Re: AoA data merging
by graff (Chancellor) on Mar 11, 2003 at 06:24 UTC
    You have a clear and fairly simple (though not trivial) criterion that applies to a portion of a very large and complex data structure. One approach would be to design a relational table schema to store the full data structure; this could have one table with a record for each "road chunk", another table for each X,Y point referenced by a road chunk, and perhaps a third table that relates the chunk records to the point records. By structuring the data this way, it will be easier to identify and manipulate just the information that you need to solve the joining problem (in fact, you probably want yet another table to hold the "chunk-chain" findings).

    In fact, just breaking the problem down into separate data structures (tables) this way might clarify what the algorithm needs to do, whether or not you actually end up using an RDBMS.

    It may be sufficient just to have the set of X,Y points as a unified data structure, with info on which road-chunk(s) each point belongs to; joining the road chunks is now just a matter of determining, for each point, how many road chunks contain it, and whether two (or more?) chunks have a given point as a terminus.
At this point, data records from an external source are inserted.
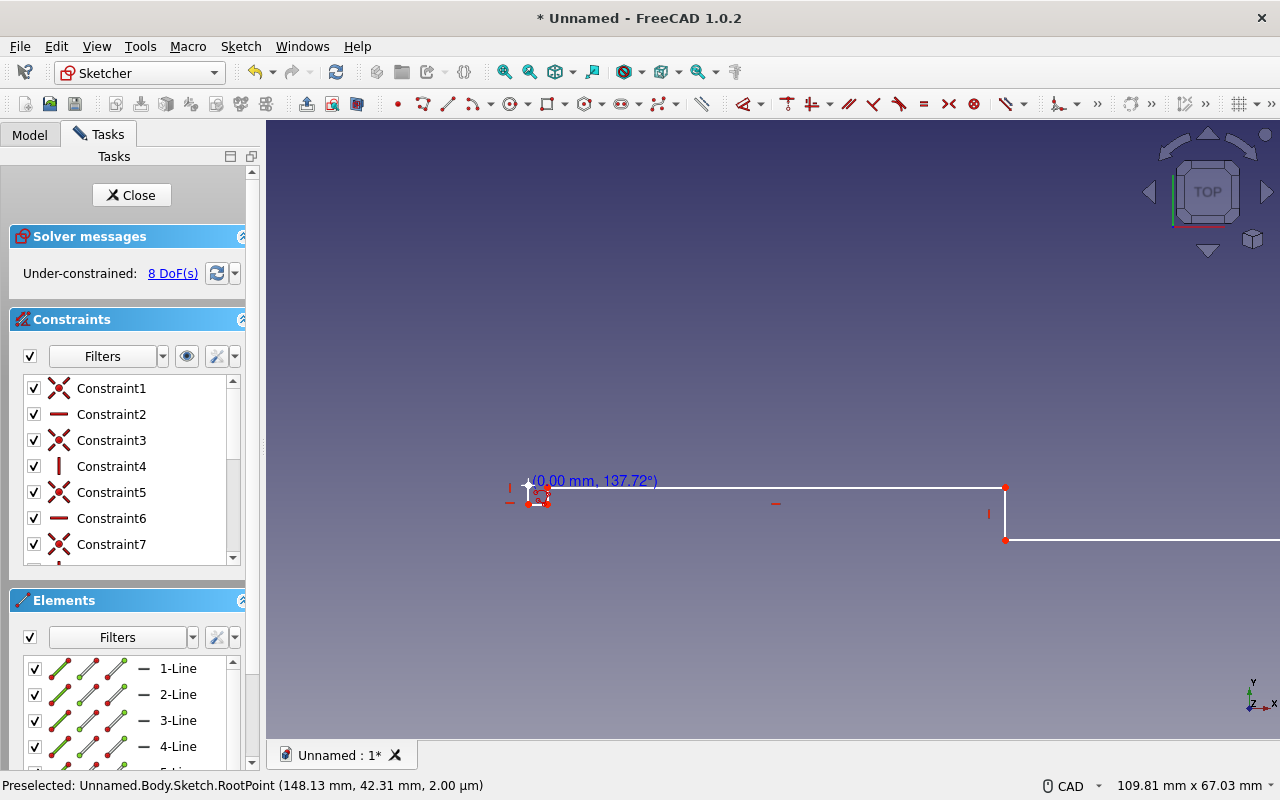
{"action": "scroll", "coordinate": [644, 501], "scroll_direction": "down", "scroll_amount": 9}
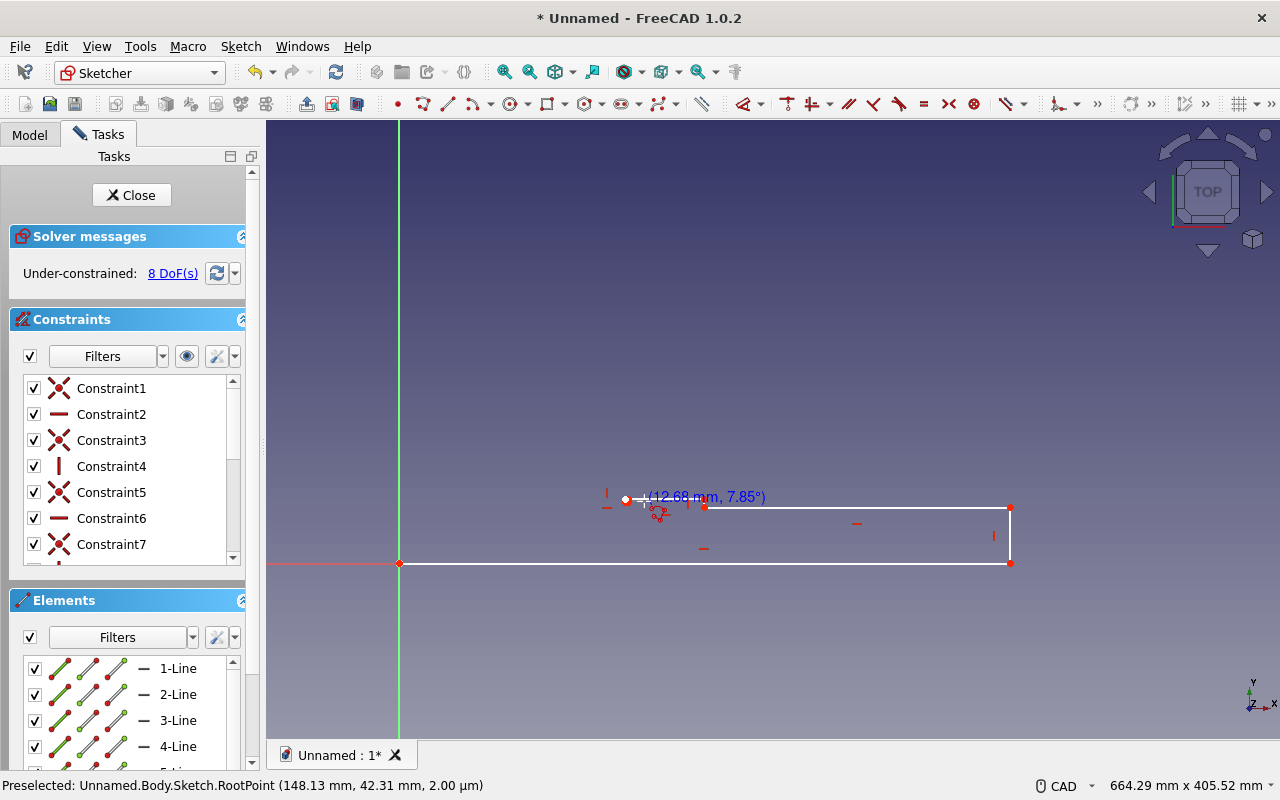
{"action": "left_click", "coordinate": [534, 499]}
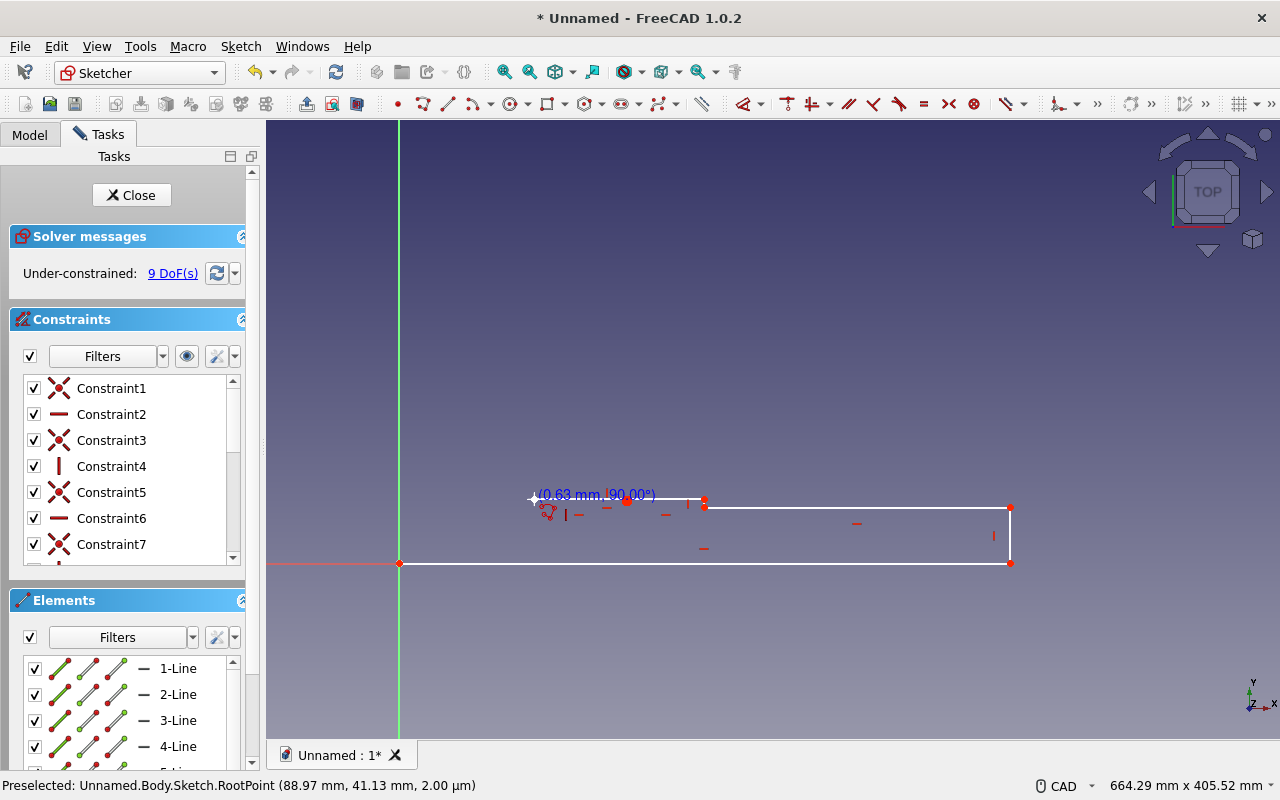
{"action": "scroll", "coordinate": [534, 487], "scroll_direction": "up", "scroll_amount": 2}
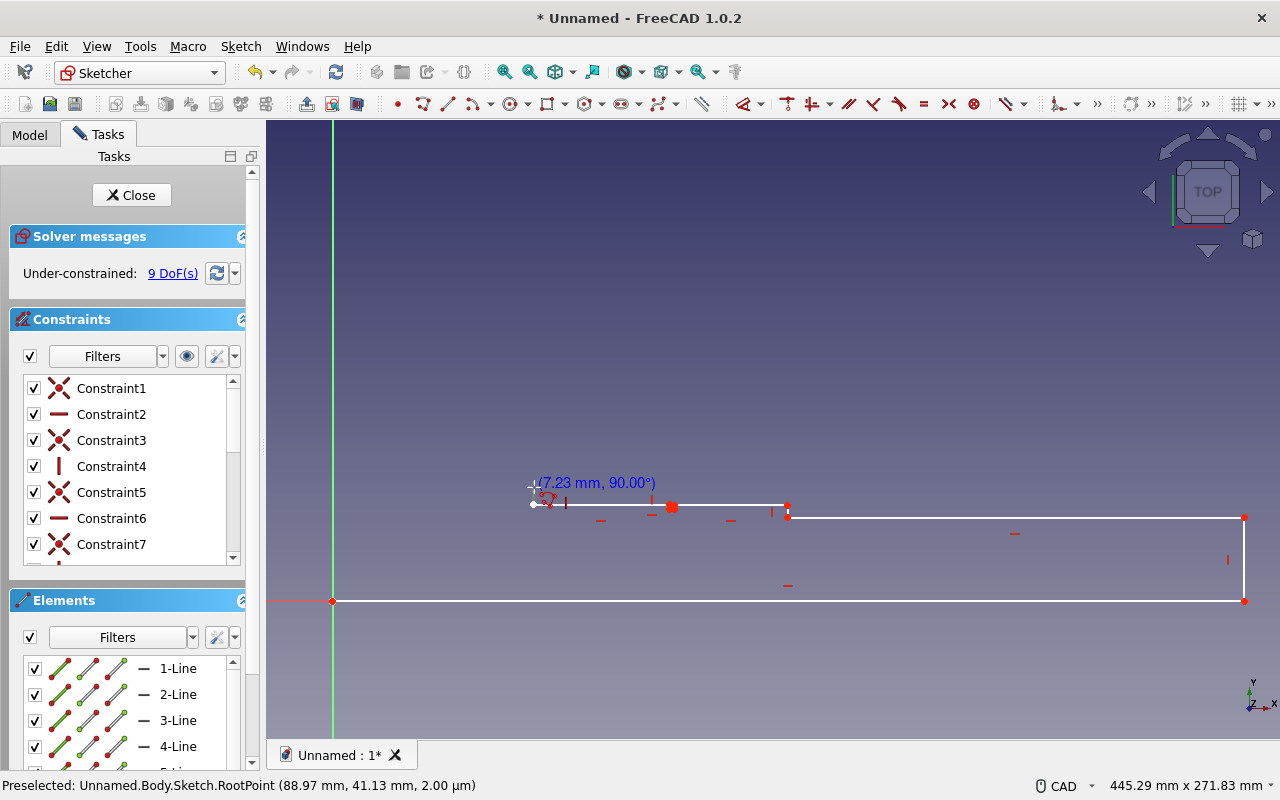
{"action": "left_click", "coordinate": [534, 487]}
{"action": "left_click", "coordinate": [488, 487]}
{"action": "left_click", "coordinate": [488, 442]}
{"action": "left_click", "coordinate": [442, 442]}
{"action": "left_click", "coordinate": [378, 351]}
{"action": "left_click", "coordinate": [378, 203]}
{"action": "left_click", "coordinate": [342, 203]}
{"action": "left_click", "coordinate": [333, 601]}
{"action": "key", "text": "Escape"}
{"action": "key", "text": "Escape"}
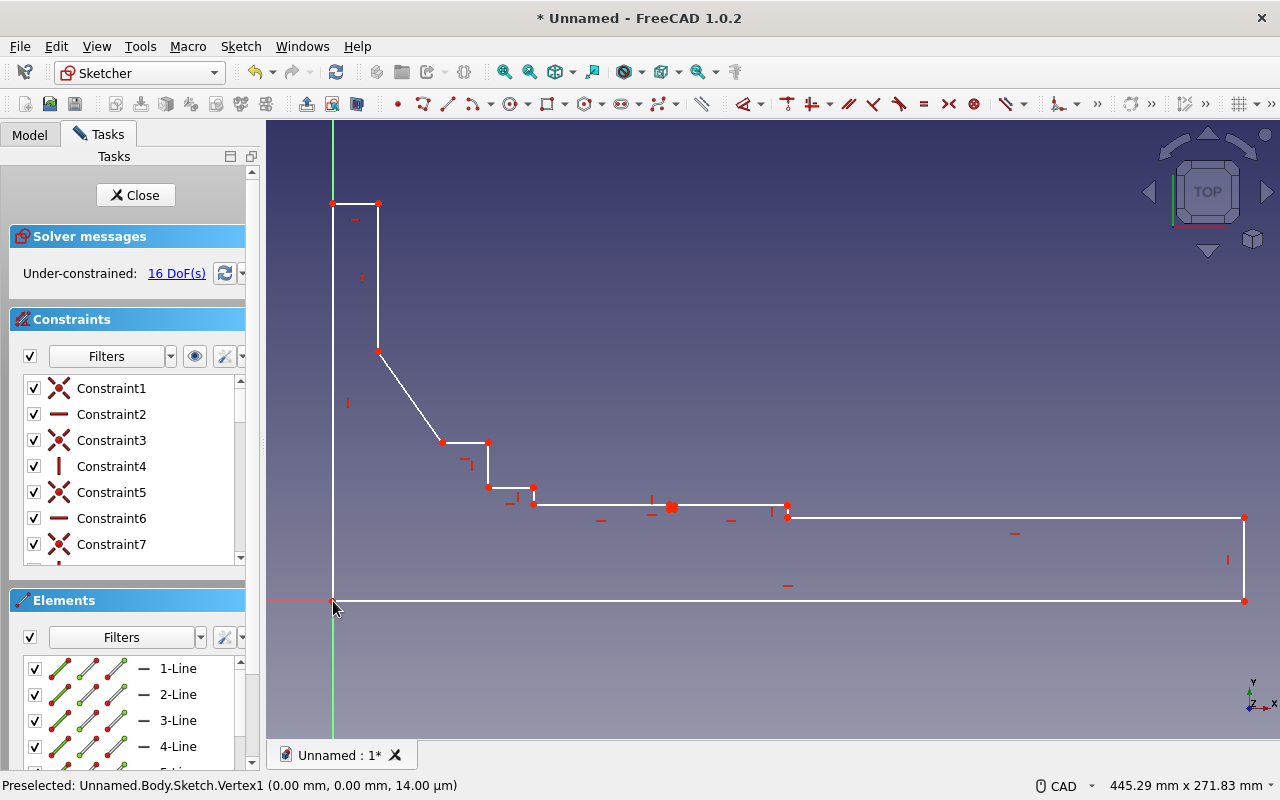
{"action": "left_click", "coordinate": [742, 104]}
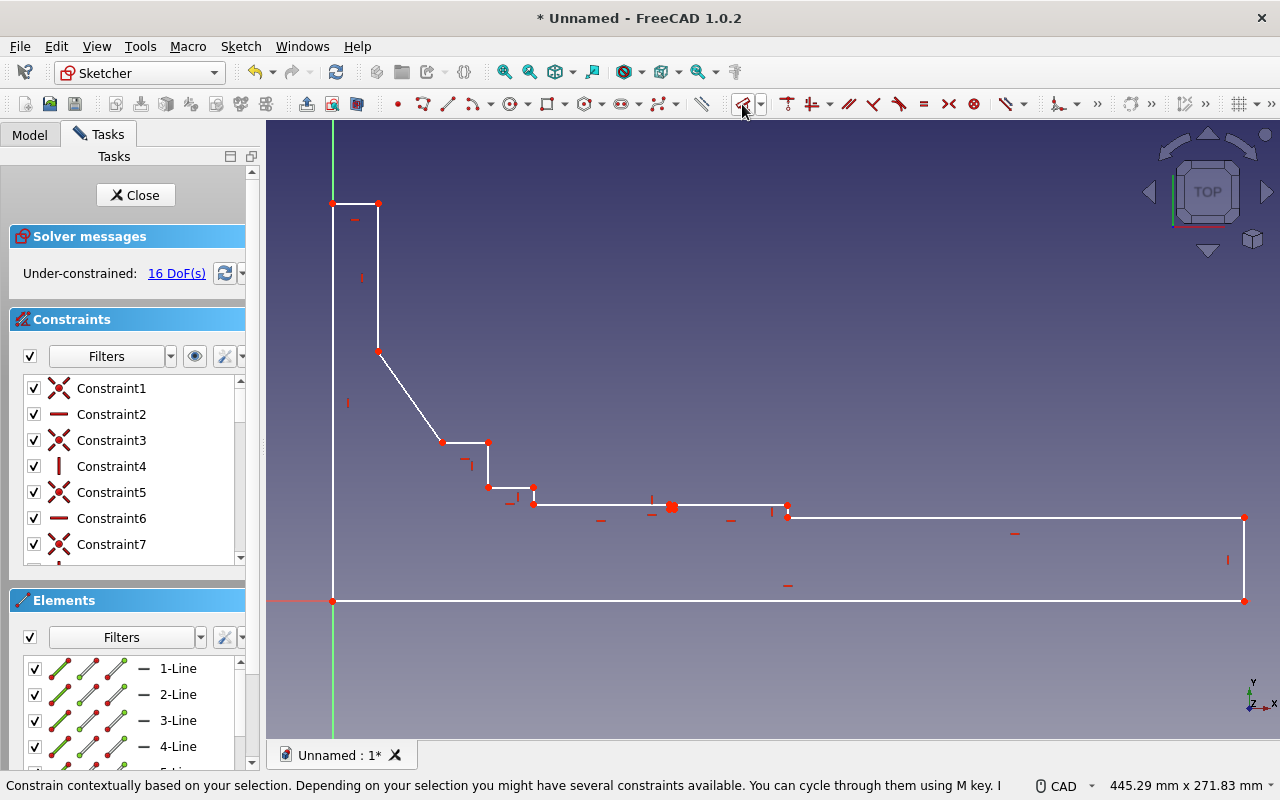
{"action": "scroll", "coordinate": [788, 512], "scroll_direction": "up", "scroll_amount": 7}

    In other words, you started with an array of chunks, with each chunk containing an array of points -- try making a different structure the other way around: an array of points, and each one cites one or more road-chunks that it is a part of. This would be easiest if the point array is actually a hash, keyed by the X,Y coordinates.

    my %pointdata; my @chunkends; for ( my $i=0; $i<@data; $i++ ) # road-chunks { for ( my $j=0; $j<@{$data[$i]; $j++ ) # points in a chunk { my $key = join(",",$data[$i][$j]->{X},$data[$i][$j]->{Y}); push @{$pointdata{$key}}, sprintf("%5.5d:%5.5d",$i,$j); $chunkends[$i] = $key if ( $j == 0 ); } $chunkends[$i] .= "-$key"; } # Now the %pointdata array contains all the information # about junctures between chunks (these not necessarily # all end-point junctures -- perhaps some road chunks could # intersect at the mid-points?) Also, the @chunkends array # cites the %pointdata keys for the endpoints of each chunk; # if you only want to find end-point junctures, identify the # %pointdata keys with multi-element entries and grep for # each one among the strings in @chunkends.
    None of that is tested, but I hope it might be helpful.

      In other words, you started with an array of chunks, with each chunk containing an array of points -- try making a different structure the other way around: an array of points, and each one cites one or more road-chunks that it is a part of. This would be easiest if the point array is actually a hash, keyed by the X,Y coordinates.

      Although this is a good idea, the problem with this approach is that order matters, if the points of the arrayrefs get rearranged it can change the results. This does suggest an alternate approach that I will have to play with though, if I were to put just the ends of each chunk into a simpler data structure, I could order them using only two points per chunk, then it would be pretty easy to identify which chunks those end-points are associated with, it's likely that would eliminate some of the problems I've been having with my earlier approach.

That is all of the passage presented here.